## Your assignment
Locate every line in the records below that contains the word "object", and copy each one.

*** Listed records ***

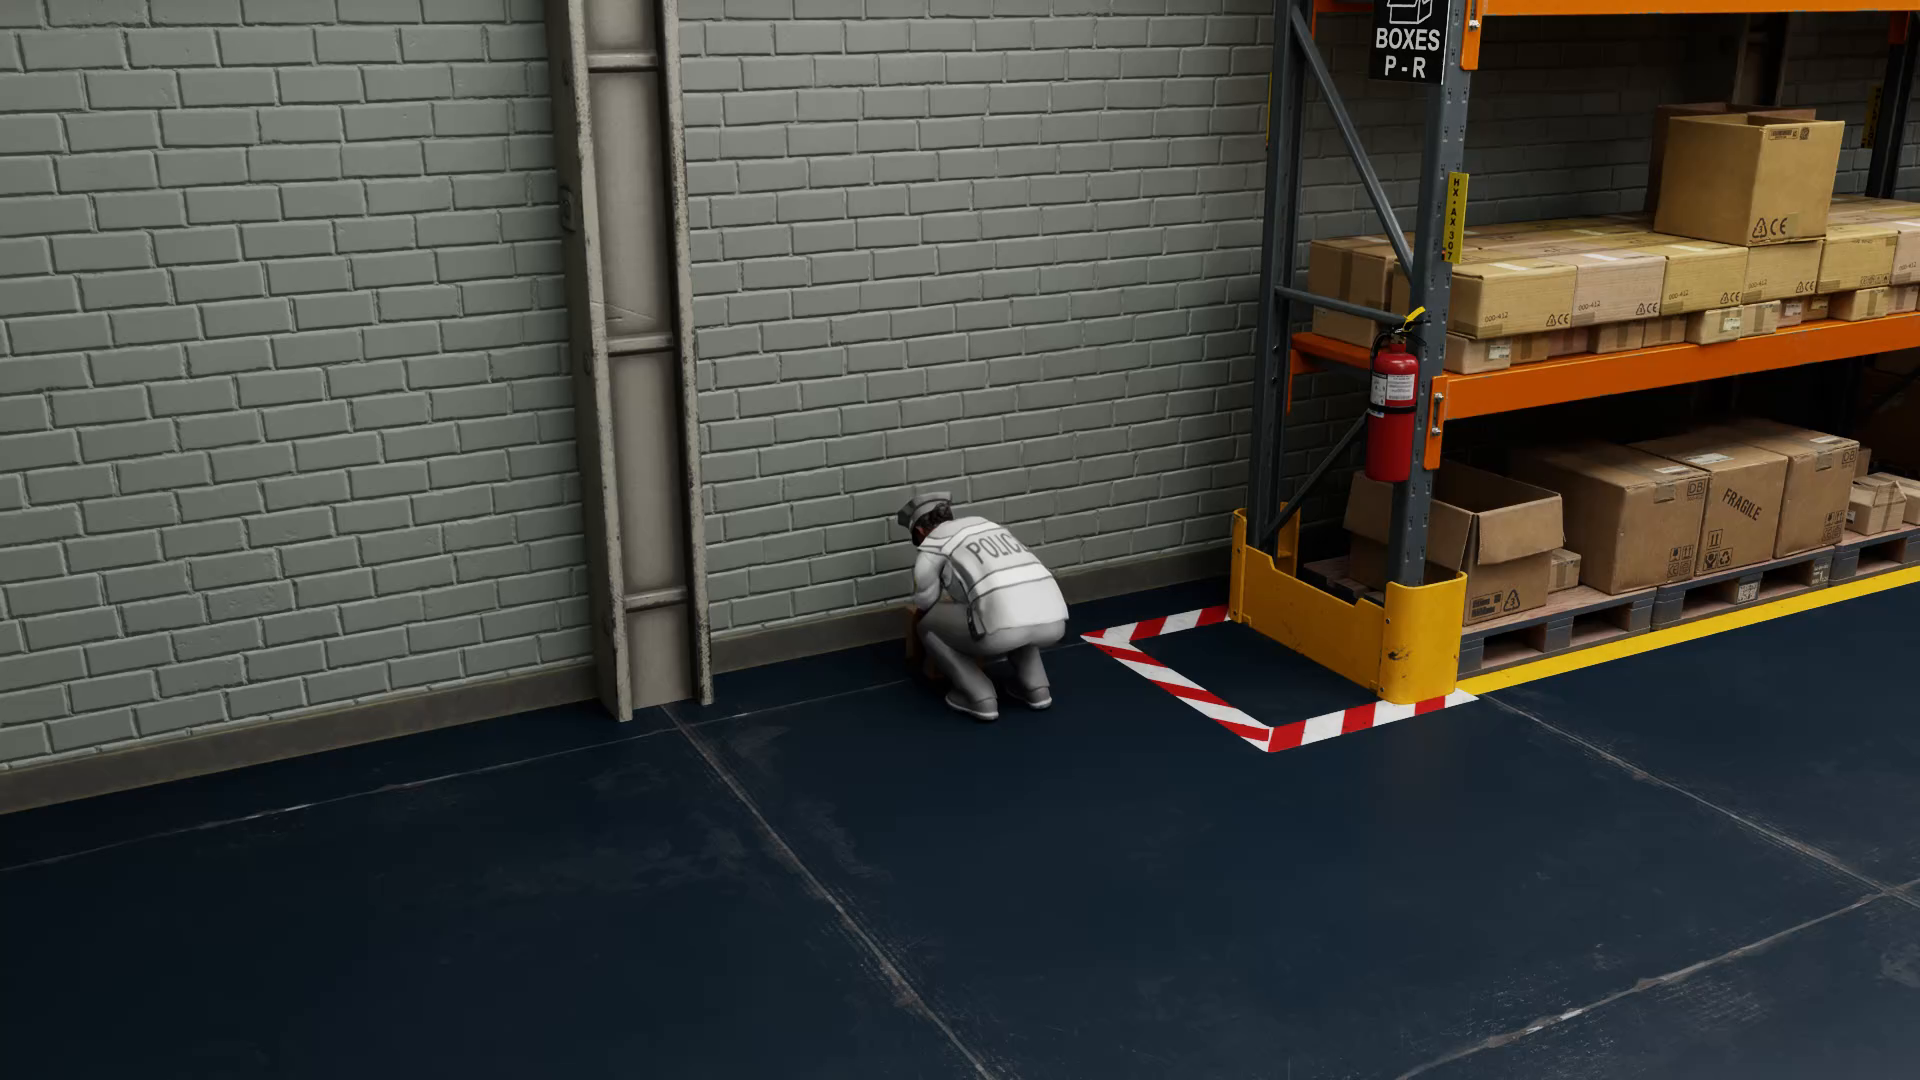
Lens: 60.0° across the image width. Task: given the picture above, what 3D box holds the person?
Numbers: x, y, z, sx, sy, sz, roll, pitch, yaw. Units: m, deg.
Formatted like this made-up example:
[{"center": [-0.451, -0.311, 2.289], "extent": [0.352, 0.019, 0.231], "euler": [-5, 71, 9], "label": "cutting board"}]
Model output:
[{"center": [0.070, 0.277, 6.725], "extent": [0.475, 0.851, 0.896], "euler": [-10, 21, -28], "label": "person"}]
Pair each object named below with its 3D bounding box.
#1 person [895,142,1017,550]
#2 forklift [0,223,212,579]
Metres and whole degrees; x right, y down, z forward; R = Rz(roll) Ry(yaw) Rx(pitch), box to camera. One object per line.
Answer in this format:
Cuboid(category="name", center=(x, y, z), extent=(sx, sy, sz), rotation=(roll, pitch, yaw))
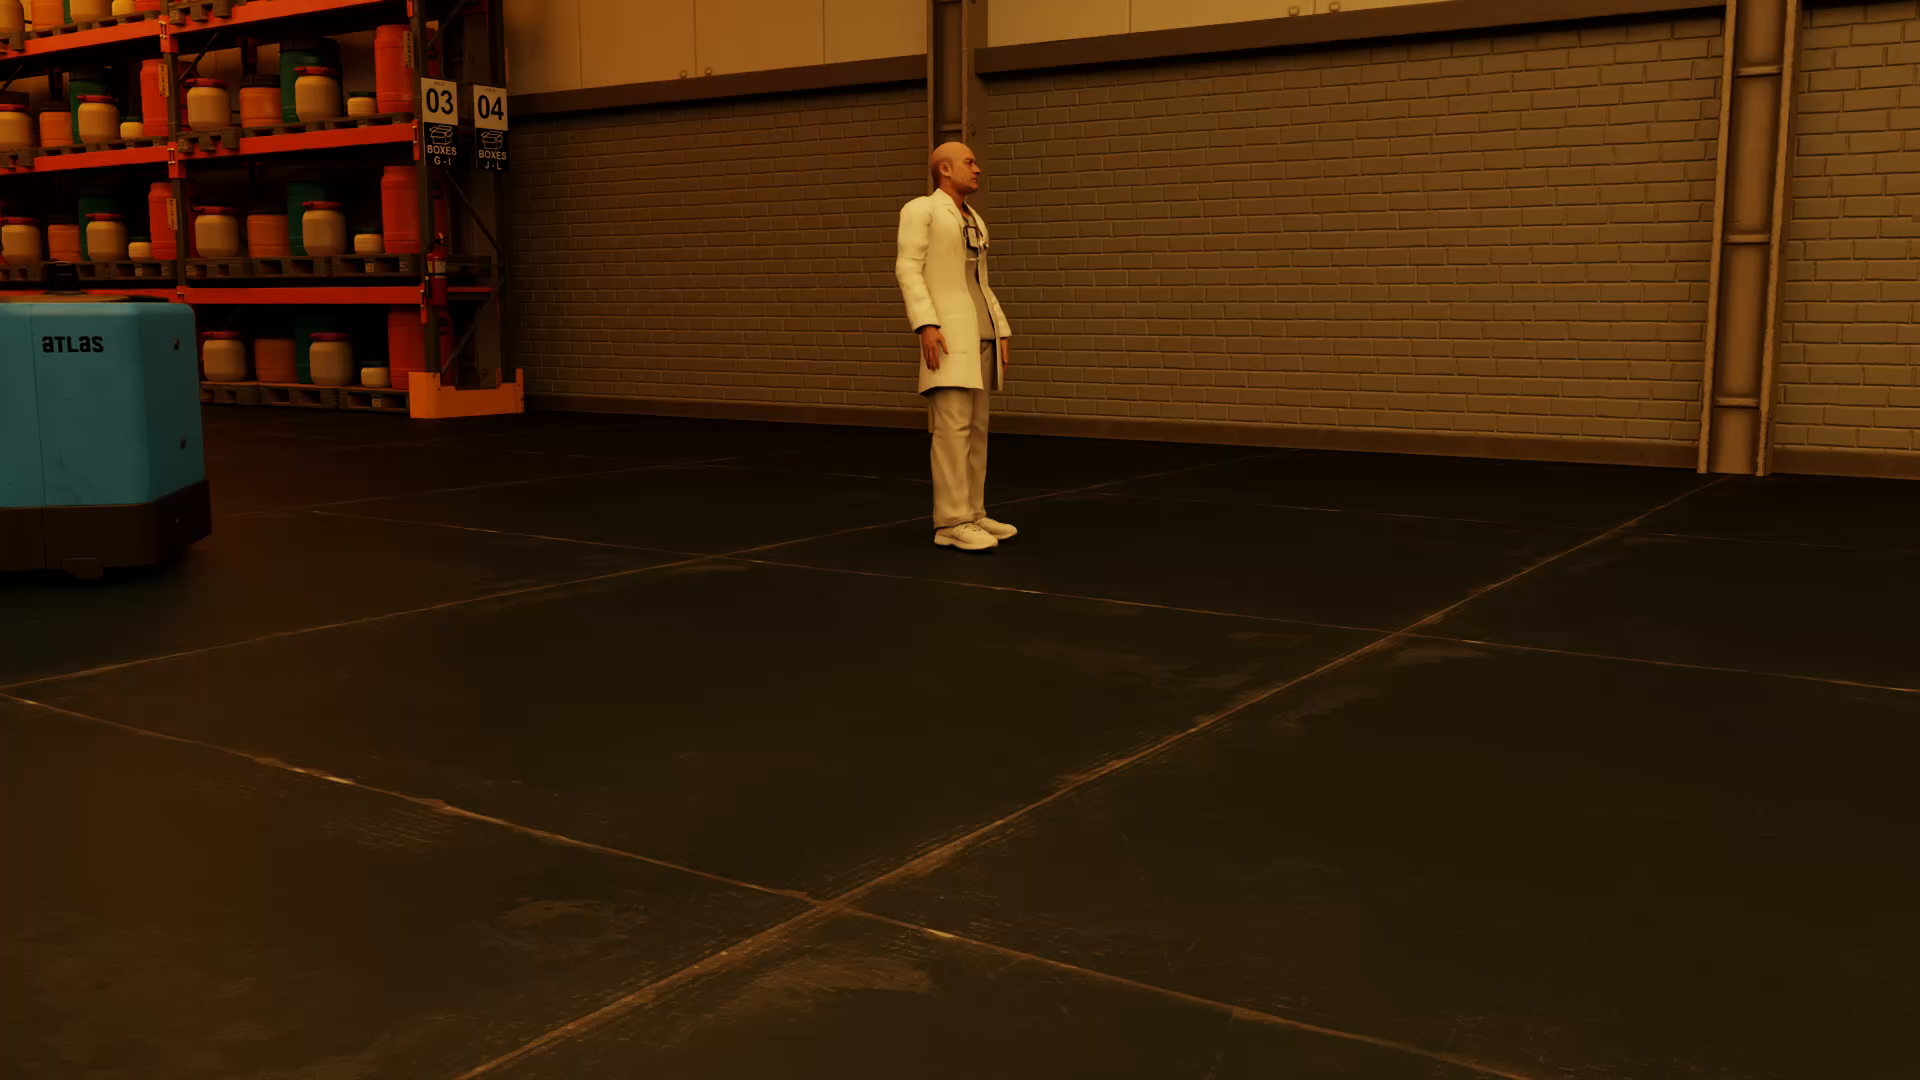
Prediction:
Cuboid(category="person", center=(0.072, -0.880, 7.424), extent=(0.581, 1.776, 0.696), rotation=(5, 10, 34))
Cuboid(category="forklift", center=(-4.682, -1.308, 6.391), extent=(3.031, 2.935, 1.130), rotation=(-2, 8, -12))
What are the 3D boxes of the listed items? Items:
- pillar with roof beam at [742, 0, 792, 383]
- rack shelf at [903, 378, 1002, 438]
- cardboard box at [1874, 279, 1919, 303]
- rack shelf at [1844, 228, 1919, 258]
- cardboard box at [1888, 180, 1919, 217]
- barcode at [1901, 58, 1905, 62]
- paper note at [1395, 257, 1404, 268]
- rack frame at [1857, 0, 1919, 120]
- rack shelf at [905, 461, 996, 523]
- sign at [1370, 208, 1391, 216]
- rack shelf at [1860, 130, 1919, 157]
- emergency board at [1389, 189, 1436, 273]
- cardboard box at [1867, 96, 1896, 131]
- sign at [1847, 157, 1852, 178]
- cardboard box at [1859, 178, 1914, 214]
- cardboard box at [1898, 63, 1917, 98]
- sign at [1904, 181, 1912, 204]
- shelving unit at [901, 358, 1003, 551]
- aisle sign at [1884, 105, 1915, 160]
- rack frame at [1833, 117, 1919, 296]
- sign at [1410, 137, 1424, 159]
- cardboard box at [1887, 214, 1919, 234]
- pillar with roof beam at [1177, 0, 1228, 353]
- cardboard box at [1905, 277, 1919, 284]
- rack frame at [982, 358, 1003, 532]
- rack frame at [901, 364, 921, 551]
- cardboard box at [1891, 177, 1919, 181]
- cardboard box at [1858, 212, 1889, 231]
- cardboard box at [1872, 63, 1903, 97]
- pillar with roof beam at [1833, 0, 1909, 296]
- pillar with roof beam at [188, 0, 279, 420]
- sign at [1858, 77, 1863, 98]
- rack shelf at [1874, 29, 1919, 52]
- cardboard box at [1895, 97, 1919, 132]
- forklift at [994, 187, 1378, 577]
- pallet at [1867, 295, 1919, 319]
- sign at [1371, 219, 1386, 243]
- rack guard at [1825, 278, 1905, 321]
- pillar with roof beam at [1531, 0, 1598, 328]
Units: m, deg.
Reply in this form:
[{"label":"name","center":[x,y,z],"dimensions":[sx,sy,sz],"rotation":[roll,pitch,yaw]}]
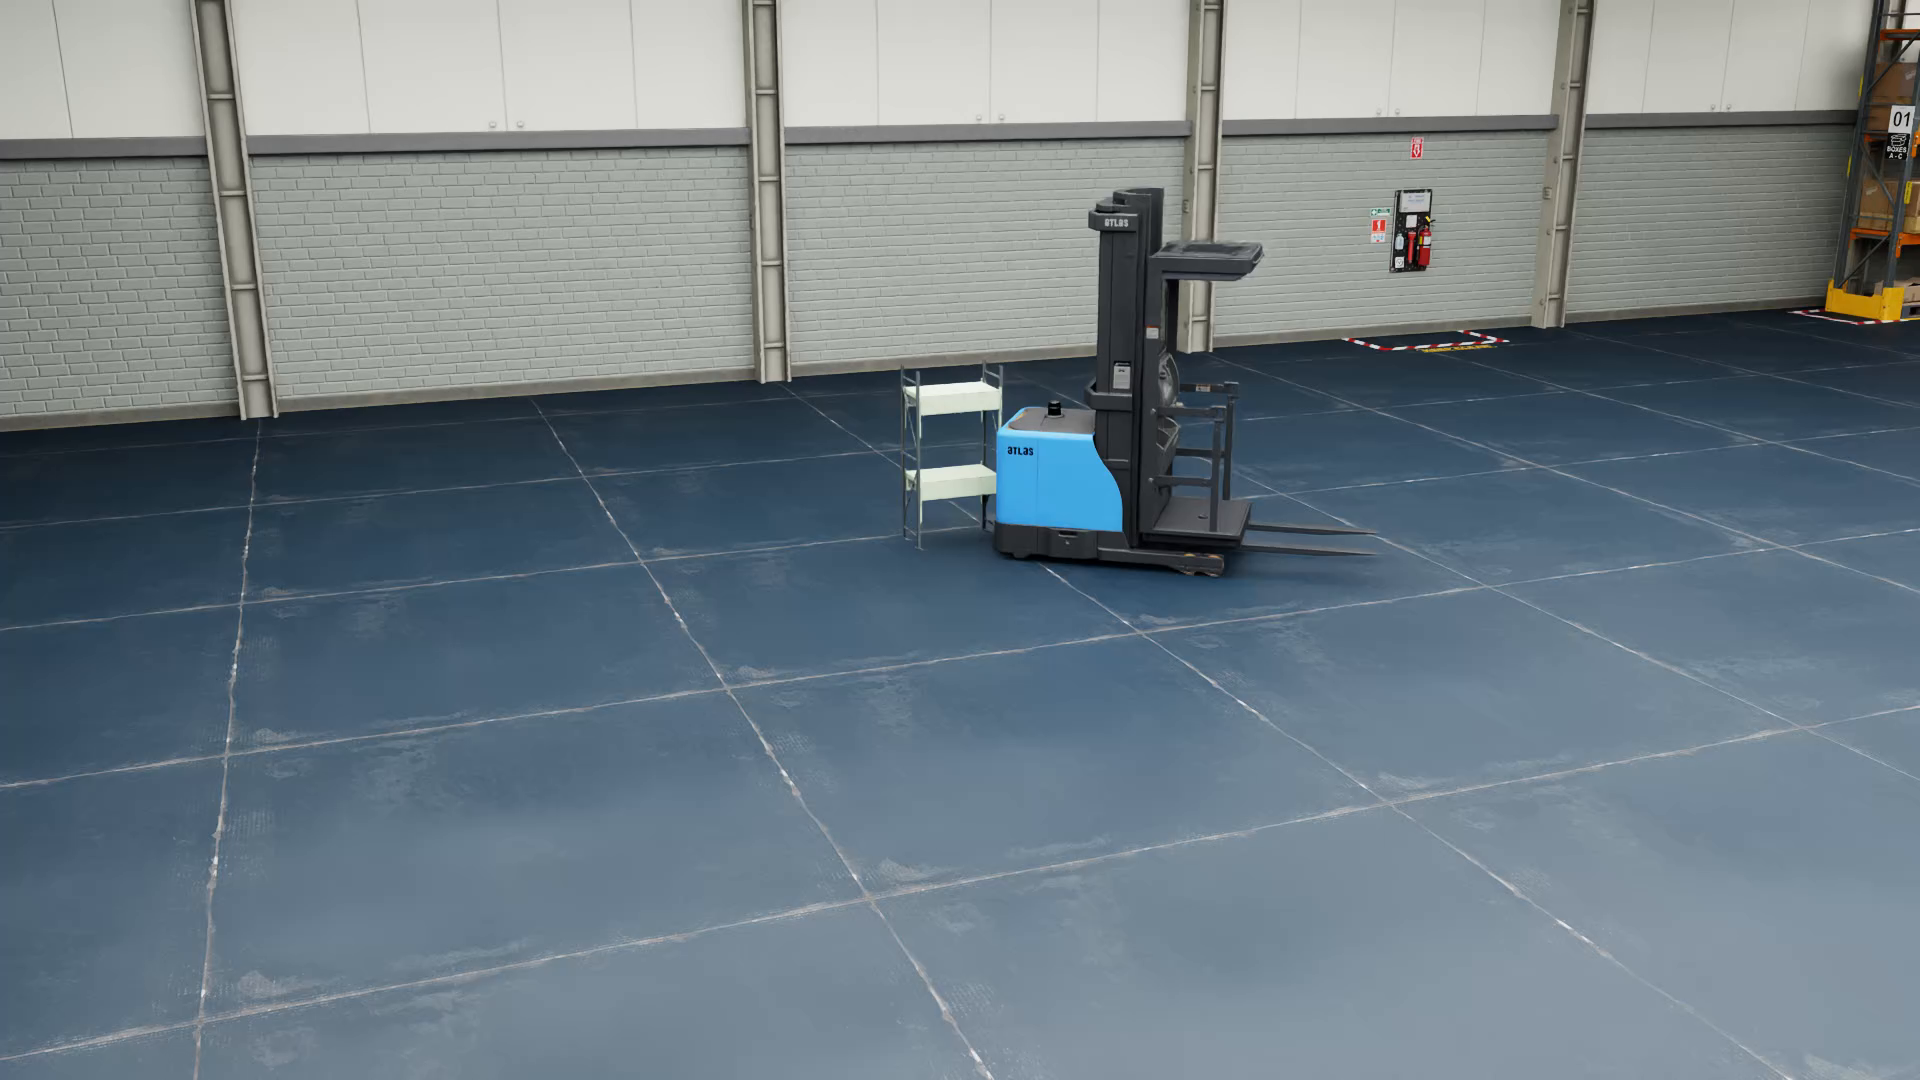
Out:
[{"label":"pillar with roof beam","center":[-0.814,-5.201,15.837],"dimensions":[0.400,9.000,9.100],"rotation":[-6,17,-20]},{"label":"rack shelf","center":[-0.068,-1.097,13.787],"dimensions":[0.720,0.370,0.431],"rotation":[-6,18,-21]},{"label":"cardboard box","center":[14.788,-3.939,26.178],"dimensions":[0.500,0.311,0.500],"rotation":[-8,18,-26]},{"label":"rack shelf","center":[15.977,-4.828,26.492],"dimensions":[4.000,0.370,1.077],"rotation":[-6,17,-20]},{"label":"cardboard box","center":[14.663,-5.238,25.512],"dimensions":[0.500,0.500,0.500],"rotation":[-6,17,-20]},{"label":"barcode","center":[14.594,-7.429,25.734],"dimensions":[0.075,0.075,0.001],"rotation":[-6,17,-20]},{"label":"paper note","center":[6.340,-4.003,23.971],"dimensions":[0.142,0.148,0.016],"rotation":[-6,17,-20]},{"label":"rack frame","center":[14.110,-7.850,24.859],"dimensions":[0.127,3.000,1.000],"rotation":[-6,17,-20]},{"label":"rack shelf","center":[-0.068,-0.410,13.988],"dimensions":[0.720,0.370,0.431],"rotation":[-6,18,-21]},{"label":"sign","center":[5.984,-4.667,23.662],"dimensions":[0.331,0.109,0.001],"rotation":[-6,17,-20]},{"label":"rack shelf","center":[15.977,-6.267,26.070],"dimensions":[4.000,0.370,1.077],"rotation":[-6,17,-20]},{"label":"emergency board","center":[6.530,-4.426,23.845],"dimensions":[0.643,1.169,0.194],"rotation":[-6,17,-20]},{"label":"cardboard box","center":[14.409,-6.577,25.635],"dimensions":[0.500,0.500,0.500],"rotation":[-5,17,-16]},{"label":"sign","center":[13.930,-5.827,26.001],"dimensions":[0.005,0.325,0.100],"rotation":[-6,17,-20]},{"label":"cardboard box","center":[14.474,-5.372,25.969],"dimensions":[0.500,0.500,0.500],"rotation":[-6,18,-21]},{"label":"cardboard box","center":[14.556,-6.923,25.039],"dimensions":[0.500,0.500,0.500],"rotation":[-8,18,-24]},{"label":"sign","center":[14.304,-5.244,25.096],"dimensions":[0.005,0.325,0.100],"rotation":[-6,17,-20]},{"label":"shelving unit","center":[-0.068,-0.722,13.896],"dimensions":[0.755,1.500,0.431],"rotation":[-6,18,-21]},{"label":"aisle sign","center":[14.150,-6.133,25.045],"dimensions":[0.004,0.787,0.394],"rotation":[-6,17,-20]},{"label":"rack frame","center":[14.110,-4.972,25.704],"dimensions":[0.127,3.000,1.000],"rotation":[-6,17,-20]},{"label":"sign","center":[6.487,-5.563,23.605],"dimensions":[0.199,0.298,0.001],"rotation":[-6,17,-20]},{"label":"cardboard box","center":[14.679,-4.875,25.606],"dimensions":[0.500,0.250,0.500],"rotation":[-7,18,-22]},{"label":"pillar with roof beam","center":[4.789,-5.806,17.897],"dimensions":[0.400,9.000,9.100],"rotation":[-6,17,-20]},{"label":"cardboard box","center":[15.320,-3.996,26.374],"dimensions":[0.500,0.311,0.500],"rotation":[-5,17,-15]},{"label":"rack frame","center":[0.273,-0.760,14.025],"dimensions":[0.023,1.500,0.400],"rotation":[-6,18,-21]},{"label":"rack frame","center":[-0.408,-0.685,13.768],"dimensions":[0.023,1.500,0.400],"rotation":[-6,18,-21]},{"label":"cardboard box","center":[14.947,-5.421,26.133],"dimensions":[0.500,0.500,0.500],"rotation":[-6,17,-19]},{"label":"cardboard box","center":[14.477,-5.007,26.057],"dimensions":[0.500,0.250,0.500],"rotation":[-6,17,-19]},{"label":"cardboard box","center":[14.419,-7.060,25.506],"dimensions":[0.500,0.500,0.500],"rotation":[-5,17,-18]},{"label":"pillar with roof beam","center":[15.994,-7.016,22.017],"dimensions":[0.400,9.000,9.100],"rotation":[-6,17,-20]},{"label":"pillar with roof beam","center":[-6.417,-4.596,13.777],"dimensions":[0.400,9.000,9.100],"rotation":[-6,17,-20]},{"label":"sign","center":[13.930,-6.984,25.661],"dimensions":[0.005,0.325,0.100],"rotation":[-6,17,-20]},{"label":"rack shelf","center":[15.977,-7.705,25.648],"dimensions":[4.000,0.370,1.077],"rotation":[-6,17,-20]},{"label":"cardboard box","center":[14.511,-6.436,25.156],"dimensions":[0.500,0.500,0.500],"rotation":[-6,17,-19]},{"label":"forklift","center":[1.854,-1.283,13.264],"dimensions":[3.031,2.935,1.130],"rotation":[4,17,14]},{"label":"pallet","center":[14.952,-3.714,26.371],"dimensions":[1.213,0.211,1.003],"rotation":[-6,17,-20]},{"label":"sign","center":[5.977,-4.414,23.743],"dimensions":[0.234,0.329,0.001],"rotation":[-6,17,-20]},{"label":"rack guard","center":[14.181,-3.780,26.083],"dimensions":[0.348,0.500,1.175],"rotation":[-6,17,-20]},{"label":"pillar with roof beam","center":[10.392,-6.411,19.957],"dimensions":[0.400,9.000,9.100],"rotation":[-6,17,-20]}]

*** End of Listed records ***

## Answer space
Pair each object named below with its 3D bounding box.
Metres and whole degrees; x right, y down, z forward; R = Rz(roll) Ry(yaw) Rx(pitch), box to camera. One object per line.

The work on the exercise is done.